I have felt tremendous joy and other emotions to other music I have listened to. I probably spoke about this before, but when I heard Beethoven’s 5th Symphony live it was one of the most moving experiences I have had. When I heard “Skyfall” by Adele on the radio it really didn’t do anything for me, but hearing her perform it live at the Oscars it was a completely different piece of music. Something about the process of polishing and tuning the piece stripped it of its soul. Even though the live version was very badly mixed there was something in the performance that transcended the limitations.

I know most people don’t have the same sound sensitivities that I do, but seriously?? Spending hundreds of millions of dollars on a movie and not care that it sounds like shit? Paying a composer some amount of money for a horrible generic soundtrack? If the soundtrack doesn’t add anything to the movie, get rid of it. The movie would be a lot better if there was no music in the background during a tense moment than it would be with a droning, whiny repetitive melody in the background.
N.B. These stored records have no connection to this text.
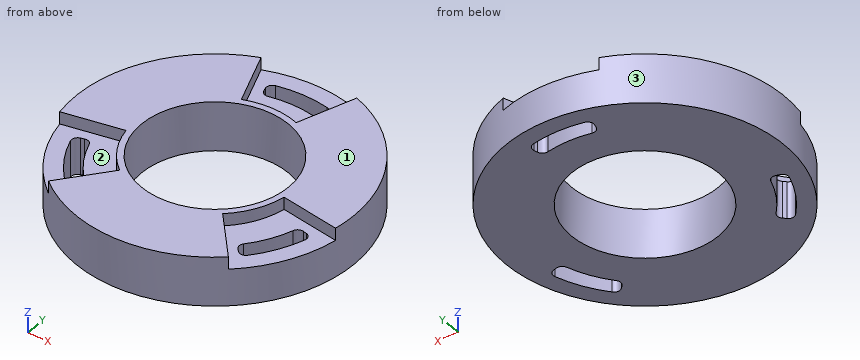
from build123d import *

# Parameters (mm, degrees)
CROQUIS1_R              = 11.35
CROQUIS1_R_2            = 6
SALIENTE_EXTRUIR1_DEPTH = 4
CORTAR_EXTRUIR1_START   = -1
CORTAR_EXTRUIR1_DEPTH   = 1


with BuildPart() as part:
    # Croquis1 → Saliente-Extruir1 (new body)
    with BuildSketch(Plane.XY):
        Circle(CROQUIS1_R)
        Circle(CROQUIS1_R_2, mode=Mode.SUBTRACT)
        with BuildLine():
            Line((2.377616051, 8.873383904), (2.455373053, 9.163576986))
            ThreePointArc((2.455373053, 9.163576986), (2.398691549, 9.55429889), (2.0762212, 9.782091061))
            ThreePointArc((2.0762212, 9.782091061), (0, 10), (-2.0762212, 9.782091061))
            ThreePointArc((-2.0762212, 9.782091061), (-2.398691549, 9.55429889), (-2.455373053, 9.163576986))
            Line((-2.455373053, 9.163576986), (-2.377616051, 8.873383904))
            ThreePointArc((-2.377616051, 8.873383904), (-2.15633175, 8.576736735), (-1.791682859, 8.513511175))
            ThreePointArc((-1.791682859, 8.513511175), (0, 8.7), (1.791682859, 8.513511175))
            ThreePointArc((1.791682859, 8.513511175), (2.15633175, 8.576736735), (2.377616051, 8.873383904))
        make_face(mode=Mode.SUBTRACT)
        with BuildLine():
            Line((8.873383904, -2.377616051), (9.163576986, -2.455373053))
            ThreePointArc((9.163576986, -2.455373053), (9.473611328, -2.699821628), (9.509649961, -3.092985228))
            ThreePointArc((9.509649961, -3.092985228), (8.660254038, -5), (7.433428761, -6.689105834))
            ThreePointArc((7.433428761, -6.689105834), (7.074919779, -6.854477262), (6.708203932, -6.708203932))
            Line((6.708203932, -6.708203932), (6.495767853, -6.495767853))
            ThreePointArc((6.495767853, -6.495767853), (6.34950602, -6.155806442), (6.477075524, -5.808398459))
            ThreePointArc((6.477075524, -5.808398459), (7.534421013, -4.35), (8.268758383, -2.705112716))
            ThreePointArc((8.268758383, -2.705112716), (8.505837769, -2.420930294), (8.873383904, -2.377616051))
        make_face(mode=Mode.SUBTRACT)
        with BuildLine():
            Line((-6.495767853, -6.495767853), (-6.708203932, -6.708203932))
            ThreePointArc((-6.708203932, -6.708203932), (-7.074919779, -6.854477262), (-7.433428761, -6.689105834))
            ThreePointArc((-7.433428761, -6.689105834), (-8.660254038, -5), (-9.509649961, -3.092985228))
            ThreePointArc((-9.509649961, -3.092985228), (-9.473611328, -2.699821628), (-9.163576986, -2.455373053))
            Line((-9.163576986, -2.455373053), (-8.873383904, -2.377616051))
            ThreePointArc((-8.873383904, -2.377616051), (-8.505837769, -2.420930294), (-8.268758383, -2.705112716))
            ThreePointArc((-8.268758383, -2.705112716), (-7.534421013, -4.35), (-6.477075524, -5.808398459))
            ThreePointArc((-6.477075524, -5.808398459), (-6.34950602, -6.155806442), (-6.495767853, -6.495767853))
        make_face(mode=Mode.SUBTRACT)
    extrude(amount=SALIENTE_EXTRUIR1_DEPTH)

    # Croquis2 → Cortar-Extruir1 (cut)
    with BuildSketch(Plane.XY.offset(4).offset(CORTAR_EXTRUIR1_START)):
        with BuildLine():
            Line((2.223130932, 6.108002035), (3.881928627, 10.665511246))
            ThreePointArc((3.881928627, 10.665511246), (0, 11.35), (-3.881928627, 10.665511246))
            Line((-3.881928627, 10.665511246), (-2.223130932, 6.108002035))
            ThreePointArc((-2.223130932, 6.108002035), (0, 6.5), (2.223130932, 6.108002035))
        make_face()
        with BuildLine():
            Line((6.401250395, -1.128713155), (11.177567997, -1.970906817))
            ThreePointArc((11.177567997, -1.970906817), (9.829388333, -5.675), (7.29563937, -8.694604429))
            Line((7.29563937, -8.694604429), (4.178119463, -4.97928888))
            ThreePointArc((4.178119463, -4.97928888), (5.629165125, -3.25), (6.401250395, -1.128713155))
        make_face()
        with BuildLine():
            Line((-4.178119463, -4.97928888), (-7.29563937, -8.694604429))
            ThreePointArc((-7.29563937, -8.694604429), (-9.829388333, -5.675), (-11.177567997, -1.970906817))
            Line((-11.177567997, -1.970906817), (-6.401250395, -1.128713155))
            ThreePointArc((-6.401250395, -1.128713155), (-5.629165125, -3.25), (-4.178119463, -4.97928888))
        make_face()
    extrude(amount=CORTAR_EXTRUIR1_DEPTH, mode=Mode.SUBTRACT)


solid = part.part
The listing builds one solid part. Answer for the finished solid, in the listing's coordinates (mm). Face numbers are marked on the shaded views. Coordinates: 2 decimals unless noted, no trailing zeros. Write each loop counter-clockwise with the first axis right and the second up, starting at its lowest first coordinate (ties: lowest second). Pieces come first, ordered by that corner, then holes. Notation, with made-up numbers: M 30,51 L 61,51 A31 cw 61,86 Z; hole C 85,-39 d10. An arc over 180 degrees is marked long. Put each result on its own line as item: value. Start each with the question number.
1. For a pull along Y with two mould halves and no side action, classify the marked faces 1, 2 and 3 as pulls with the +Y half, pulls with the -Y half, needs draft (parallel to the pull), parting line crosses it, or undercut.
2. A cutting plane is placed at C-C on y = 0. Write down the section's boundary in (x, z).
3. A cutting plane is placed at D-D on y = 5. Write down the section's boundary in (x, z).
4. Consider line 1 (Y direction, x = -2, z = 1.2); line 2 (Z direction, x = 2.25, y = 6.5); line 3 (Y direction, x = 9, z = 0.7). Determine where each line is inside the solid, lowest interval first. Write a range as from..to.
5. A cutting plane is placed at B-B on x = 0. Write down the section's boundary in (y, z).
6. Flat-ended cylindrical pins translate along their axes: P1, Ø1.5, axis at y = -3.5, z = 3, coming from the +X side; P2, Ø2, axis at y = 1.5, z = 1.5, coming from the +X side; P3, Ø1.6, axis at x = 1, y = 8, coming from the +Z side; P4, Ø7.5, axis at x = 8.5, y = -5, coming from the +Z side. Find the tip coordinate at first contact, or state that the pin passes through.
7. A cutting plane is placed at A-A on z = 3.5. Write down the section's boundary in (x, y).
Resolved:
1. face 1: needs draft
1. face 2: undercut
1. face 3: parting line crosses it
2. outline: M -11.35,0 L -6,0 L -6,4 L -11.35,4 Z; M 6,0 L 11.35,0 L 11.35,4 L 6,4 Z
3. outline: M -10.19,0 L -3.32,0 L -3.32,4 L -10.19,4 Z; M 3.32,0 L 10.19,0 L 10.19,4 L 3.32,4 Z
4. line 1: y = -11.17..-5.66, 5.66..8.51, 9.8..11.17
4. line 2: z = 0..3
4. line 3: y = -6.92..-4.36, -2.41..6.92
5. outline: M -11.35,0 L -6,0 L -6,4 L -11.35,4 Z; M 6,0 L 8.7,0 L 8.7,3 L 6.5,3 L 6.5,4 L 6,4 Z; M 10,0 L 11.35,0 L 11.35,3 L 10,3 Z
6. P1: stops at x = 11.01
6. P2: stops at x = 11.34
6. P3: stops at z = 3
6. P4: stops at z = 4
7. outline: M -11.18,-1.97 L -6.4,-1.13 A6.5 ccw -4.18,-4.98 L -7.3,-8.69 A11.35 ccw 7.3,-8.69 L 4.18,-4.98 A6.5 ccw 6.4,-1.13 L 11.18,-1.97 A11.35 ccw 3.88,10.67 L 2.22,6.11 A6.5 ccw -2.22,6.11 L -3.88,10.67 A11.35 ccw Z; hole C 0,0 d12

Watch “Star Wars”. They took a lot of care with creating a great soundtrack. They created a lot of their sound effects. The music enhances the tension of what is going on in the scene. Watch “Battlestar Galactica”. The sound was very different than what you usually see in space battle sequences. It was primarily militaristic drums with no orchestral swells. It ramps up the tension and it is genius.

I have accepted that most movies coming out are not for me because they are aimed at teenaged boys in China who do not care about the nuances of American political history. I have TV shows like “Breaking Bad” to compensate me for the loss of American cinema. But it just breaks my heart that sound is on the same pile of things like plot and dialogue that are not considered important enough to even do competently.